Understanding that buyer journey's are not as simple as 'search and click on an advert'. 

So, how can we use SEO to create business growth?

How To Use SEO To Fuel Your Business Growth

By now you will have read a lot of data so let's do a refresh on the key points:

  • Organic search results have a click through rate of 52.96% compared to just 3.49% for PPC
  • The average conversion rate for an Adwords listing is just 3.75% and 0.77% for Google display advertising
  • 79% of leads do not convert to paying customers
  • The number of touch points a customer will have could be over as 1000, each product and niche differs.

So, the question is, with so many searches going on, how can a business succeed online?

The answer lies in search ascension.

As we saw in the SEO stadium pitch, the core objective of your SEO efforts will be to educate your customer so that they understand why they need your product or service.

But how exactly does this translate into making them a buyer?

Search ascension is the natural process of a person going through the buyer journey.

There are 3 stages:

1. Be Found by future customers when they look for information.
2. Be found when customers are looking to buy.
3. Customers search for you first.
We will examine each of these stages in detail:

How To Be Found by Future Customers When They Look For Information.

We know from Google that it all starts with a search.

This makes sense, but when you consider that there are 40,000 searches made on Google every second it shows just how big search marketing really is.

But how do consumers use search?

They use search to research.

A study by Google themselves found that a huge 63% of online deal shoppers research before making any purchase decision.

As we have seen by our research, a consumer might have an incredibly long journey prior to purchase and make many searches and touch points, why? Because they are looking for information.

The best use of SEO, is of course, to be the provider of this information and to be found in the search results for the questions the consumer needs answering.

But how do you know what these questions are?

Fortunately modern tools such as Ahrefs make this task a lot easier.
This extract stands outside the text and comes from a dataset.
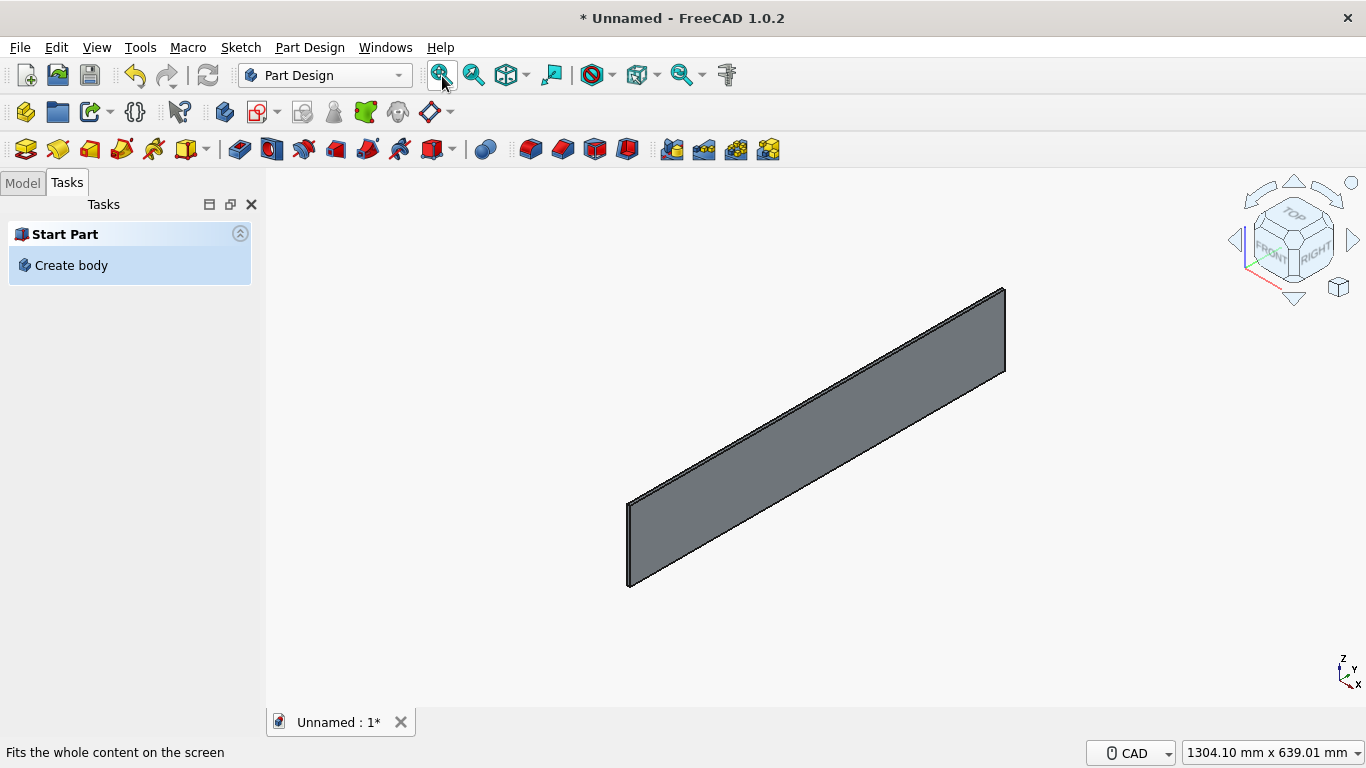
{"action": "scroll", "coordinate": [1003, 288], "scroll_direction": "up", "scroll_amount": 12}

As we can see, if we use the Ahrefs keyword explorer and type in a broad industry term such as 'web design' we can see a tab that says 'questions'.
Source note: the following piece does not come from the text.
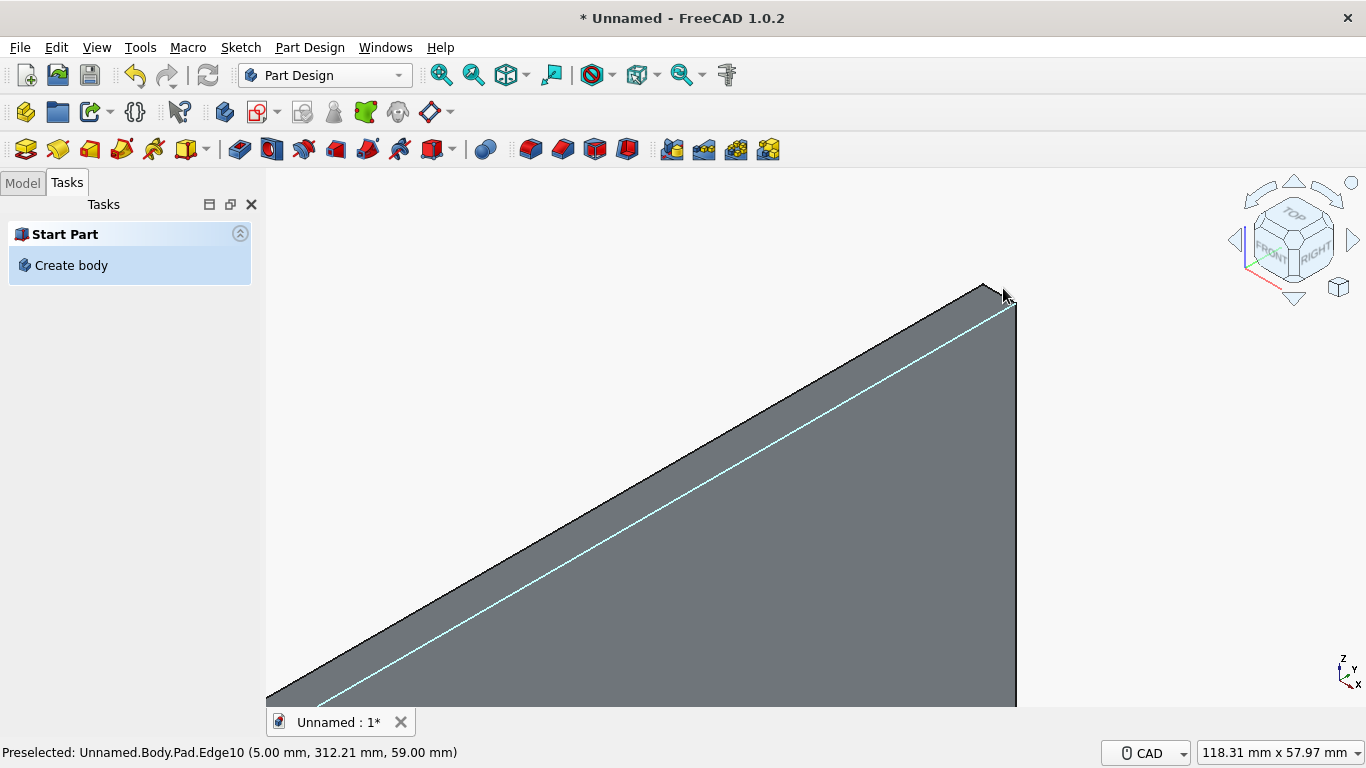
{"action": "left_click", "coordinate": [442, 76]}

As we can see you gain a wide range of questions that consumers ask/ search for.

'But these are low search volumes'

Yes, they are, but that doesn't mean you shouldn't answer them on your website or even try and rank online for them. 

These are what Google refers to as 'Micro moments', and by showing up when the consumer has a question you are more likely to shape their purchase decisions.

This matters with local search too.

If you are a local business you might only show up for a focused search such as 'hairdressers near me' but by investing in your on page SEO (ie. the copy on your website) and answering these 'micro questions' you are more likely to influence a purchase decision. 

The key is to be found when your consumer starts to conduct research and give them the information that educates them.

How To Be Found When Customers Are Looking To Buy.

The next stage of positive SEO is to be found when the customers are looking to buy.

This is where the world of PPC and SEO come together.

We know that Google Adwords conversion rates are on average 3.75% but what about the organic traffic conversion rate?

A survey conducted by Marketing Sherpa placed the organic conversion rate across all industries at 16%.

However as previously discussed as SEO is a brand marketing tactic, working out 'which page' you are converting customers on is actually largely a futile experience.

While conversion optimisation is a great idea and can add huge amounts of revenue to any business, we also know that with consumers making as many as 1000 touch points prior to purchase, a business cannot ignore the importance of the SEO and micro moments that come before a customer converts.

And figuring out when the customer had their 'aha' moment and decided to buy from you is almost an impossible task.

It is again for this reason that good SEO can have a massive impact on your overall conversion rate and it could be argued that great SEO is the most powerful tool for conversion optimisation.

But does that mean that you shouldn't spend on Google Adwords?

The answer is a resounding no.

If you recall we have 2 types of marketing, direct advertising and brand marketing.

Direct advertising is anything with a call to action and brand marketing is the telling of your business story.

Google Adwords can be used for both direct advertising and brand marketing purposes.

An example of this is the landing page software Instapage:

As we can see for their brand search term they are both using Ads and also rank organically.

Why use Ads for their brand terms?

Easy, it stops others from stealing potential customers which is what Lead Pages is trying to achieve with their advert:

This is a classic example of two companies using Google Adwords with different marketing intent.

The Insta Page software (what the customer is actually searching for) is conducting brand marketing with their Google Ad. 

Lead pages on the other hand is conducting direct advertising.

They use the phrase 'Try Lead Pages Instead' and ''Free 14 Day Trial''.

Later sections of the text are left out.